Abu `Abdullah Muhammad Ibn ‘Omar Ibn Waqid al-Aslami (Arabic ) (c. 130 – 207 AH; c. 747 – 823 AD) was a historian commonly referred to as al-Waqidi (Arabic: ). His surname is derived from his grandfather's name Waqid and thus he became famous as al-Imam al-Waqidi. Al-Waqidi was an early Muslim historian and biographer of the Islamic prophet Muhammad, specializing in his military campaigns. He served as a judge (qadi) for the Abbasid caliph al-Ma'mun. Several of al-Waqidi's works are known through his scribe and student (in the field of the al-maghazi genre), Ibn Sa'd.

Biography
Al-Waqidi was born in Medina around 748 AD (130 AH). He was the mawla (client) of ‘Abd Allah ibn Burayda of the Banu Aslam of Medina. According to Abu Faraj al-Isfahani, al-Waqidi’s mother was the daughter of ‘Isa ibn Ja‘far ibn Sa’ib Khathir, a Persian, and the great-granddaughter of Sa’ib, who introduced music to Medina. Amongst his prominent teachers were Ibn Abi Thahab Ma'mar bin Rashid, Malik ibn Anas and Sufyan al-Thawri. He lived in Medina at the time of Abu Hanifa and Ja'far al-Sadiq and studied in Al-Masjid an-Nabawi as a student of Malik ibn Anas. Al-Waqidi also had access to the grandchildren of Muhammad's companions. Al-Waqidi originally earned a living as a wheat trader, but when a calamity struck at the age of 50, he migrated to Iraq during the reign of Harun ar-Rashid. He was appointed a judge of eastern Baghdad, and Harun ar-Rashid's heir al-Ma'mun later appointed him the qadi of a military camp at Resafa.

Al-Waqidi concentrated on history, and was acknowledged as a master of the genre by his many of his peers. His books on the early Islamic expeditions and conquests predate much of the Sunni and Shia literature of the later Abbasid period. His works regarding the battles of Muhammad and his companions were considered reliable by most early Islamic scholars. While still regarded as an important source for early Islamic history, later authors debated the reliability of his works. Western orientalists who enjoyed his writings include Martin Lings.

Works
Al-Waqidi is primarily known for his Kitab al-Tarikh wa al-Maghazi (Arabic: كتاب التاريخ والمغازي, "Book of History and Campaigns"), which is the only part of his corpus that has been fully preserved. It describes the battles fought by Muhammad, as well as Muhammad's life in the city of Medina. The work draws upon the earlier sira of Ibn Ishaq, though it includes details not found in Ibn Ishaq's text.

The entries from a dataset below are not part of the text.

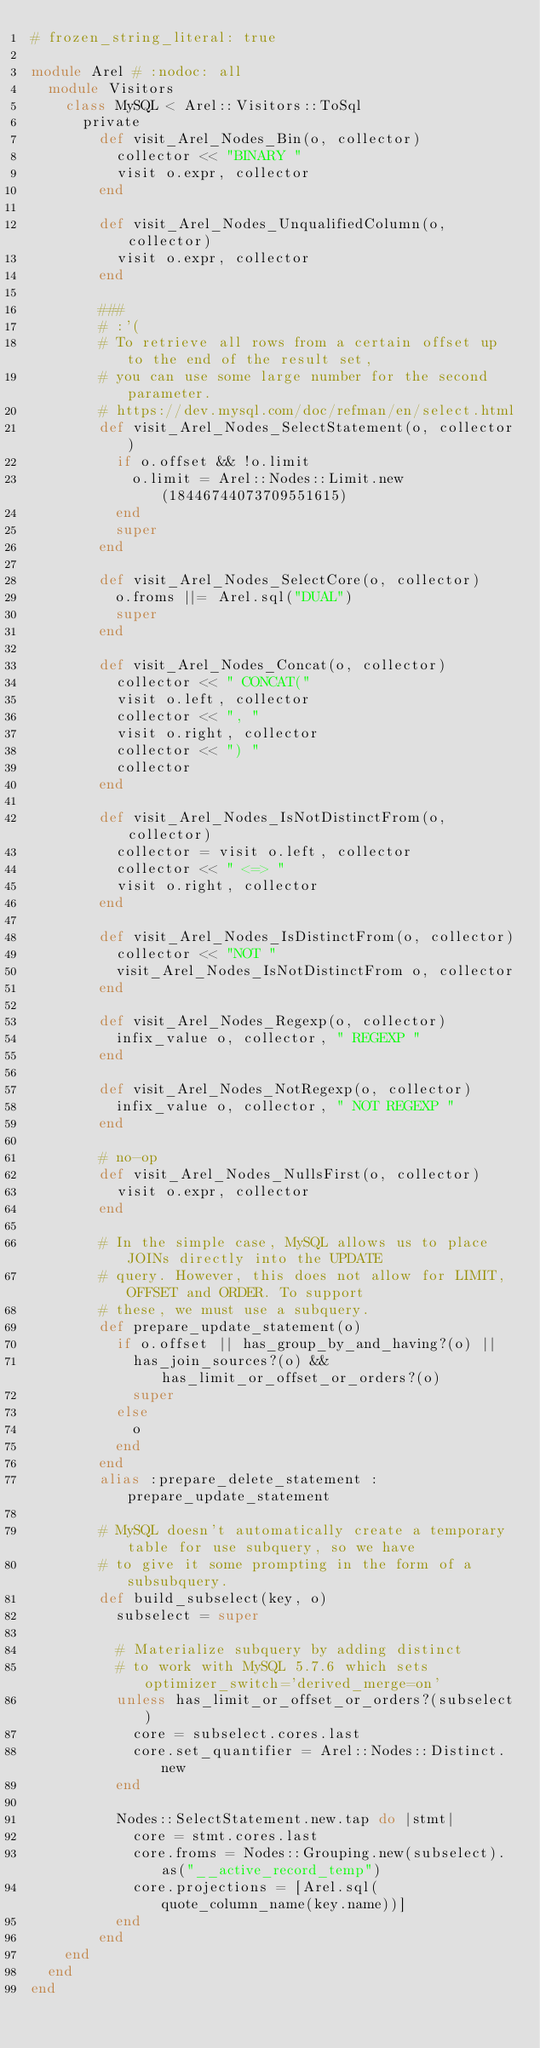<code> <loc_0><loc_0><loc_500><loc_500><_Ruby_># frozen_string_literal: true

module Arel # :nodoc: all
  module Visitors
    class MySQL < Arel::Visitors::ToSql
      private
        def visit_Arel_Nodes_Bin(o, collector)
          collector << "BINARY "
          visit o.expr, collector
        end

        def visit_Arel_Nodes_UnqualifiedColumn(o, collector)
          visit o.expr, collector
        end

        ###
        # :'(
        # To retrieve all rows from a certain offset up to the end of the result set,
        # you can use some large number for the second parameter.
        # https://dev.mysql.com/doc/refman/en/select.html
        def visit_Arel_Nodes_SelectStatement(o, collector)
          if o.offset && !o.limit
            o.limit = Arel::Nodes::Limit.new(18446744073709551615)
          end
          super
        end

        def visit_Arel_Nodes_SelectCore(o, collector)
          o.froms ||= Arel.sql("DUAL")
          super
        end

        def visit_Arel_Nodes_Concat(o, collector)
          collector << " CONCAT("
          visit o.left, collector
          collector << ", "
          visit o.right, collector
          collector << ") "
          collector
        end

        def visit_Arel_Nodes_IsNotDistinctFrom(o, collector)
          collector = visit o.left, collector
          collector << " <=> "
          visit o.right, collector
        end

        def visit_Arel_Nodes_IsDistinctFrom(o, collector)
          collector << "NOT "
          visit_Arel_Nodes_IsNotDistinctFrom o, collector
        end

        def visit_Arel_Nodes_Regexp(o, collector)
          infix_value o, collector, " REGEXP "
        end

        def visit_Arel_Nodes_NotRegexp(o, collector)
          infix_value o, collector, " NOT REGEXP "
        end

        # no-op
        def visit_Arel_Nodes_NullsFirst(o, collector)
          visit o.expr, collector
        end

        # In the simple case, MySQL allows us to place JOINs directly into the UPDATE
        # query. However, this does not allow for LIMIT, OFFSET and ORDER. To support
        # these, we must use a subquery.
        def prepare_update_statement(o)
          if o.offset || has_group_by_and_having?(o) ||
            has_join_sources?(o) && has_limit_or_offset_or_orders?(o)
            super
          else
            o
          end
        end
        alias :prepare_delete_statement :prepare_update_statement

        # MySQL doesn't automatically create a temporary table for use subquery, so we have
        # to give it some prompting in the form of a subsubquery.
        def build_subselect(key, o)
          subselect = super

          # Materialize subquery by adding distinct
          # to work with MySQL 5.7.6 which sets optimizer_switch='derived_merge=on'
          unless has_limit_or_offset_or_orders?(subselect)
            core = subselect.cores.last
            core.set_quantifier = Arel::Nodes::Distinct.new
          end

          Nodes::SelectStatement.new.tap do |stmt|
            core = stmt.cores.last
            core.froms = Nodes::Grouping.new(subselect).as("__active_record_temp")
            core.projections = [Arel.sql(quote_column_name(key.name))]
          end
        end
    end
  end
end
</code>

A number of works chronicling the Islamic conquests have been attributed to al-Waqidi, though most of these attributions are now believed to be mistaken. Futuh al-Sham (Arabic: كتاب فتوح الشام, "Book of the Conquests of Syria"), a novelization of the Islamic army's conquests of Byzantine Syria, has traditionally been ascribed to al-Waqidi. Modern scholars generally classify Futuh al-Sham as a falsely-attributed later work, dating it to around the time of the Crusades, though some scholars believe a small portion of the text may be traced back to al-Waqidi. In addition to depicting the battles of the Islamic armies, the work also details the valor of various Muslim women, including Hind bint Utbah, Khawlah bint al-Azwar, and Asma bint Abi Bakr.

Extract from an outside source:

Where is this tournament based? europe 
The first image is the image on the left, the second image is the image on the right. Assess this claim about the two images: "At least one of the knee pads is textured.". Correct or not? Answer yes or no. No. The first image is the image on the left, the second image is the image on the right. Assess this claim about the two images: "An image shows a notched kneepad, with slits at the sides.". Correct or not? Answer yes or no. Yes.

According to Ibn al-Nadim, al-Waqidi authored a book detailing the death of Husayn ibn Ali, though this work has not survived. Other lost texts attributed to al-Waqidi include a book chronicling the last days of Muhammad's life. The works of al-Waqidi's student Ibn Sa'd may contain some excerpts from these texts.

Criticism

Comparison with earlier commentaries
Historian Patricia Crone gives al-Waqidi as an example of the phenomenon whereby the farther an Islamic commentary on Muhammad's life was removed in time from his life and the events in the Quran, the more information it provided. 
If one storyteller should happen to mention a raid, the next storyteller would know the date of this raid, while the third would know everything that an audience might wish to hear about. 
This was despite the fact later commentaries depended on the earlier sources for their content, which suggested that if later commentaries differed in length from earlier work they should be briefer as some facts about the early days were lost or forgotten. (Crone attributed the phenomenon to storytellers' embellishment.)
Commentary works of Al-Waqidi were much larger than those of the oldest prophetic biography  Ibn Ishaq (died 767)  despite the fact that al-Waqidi's later works covered a shorter period of time (only Muhammad's period in Medina).
Waqidi will always give precise dates, locations, names, where Ibn Ishaq has none, accounts of what triggered the expedition, miscellaneous information to lend color to the event ... But given that this information was all unknown to Ibn Ishaq, its value is doubtful in the extreme. And if spurious information accumulated at this rate in the two generations between Ibn Ishaq and al-Waqidi, it is hard to avoid the conclusion that even more must have accumulated in the three generations between the Prophet and Ibn Ishaq. 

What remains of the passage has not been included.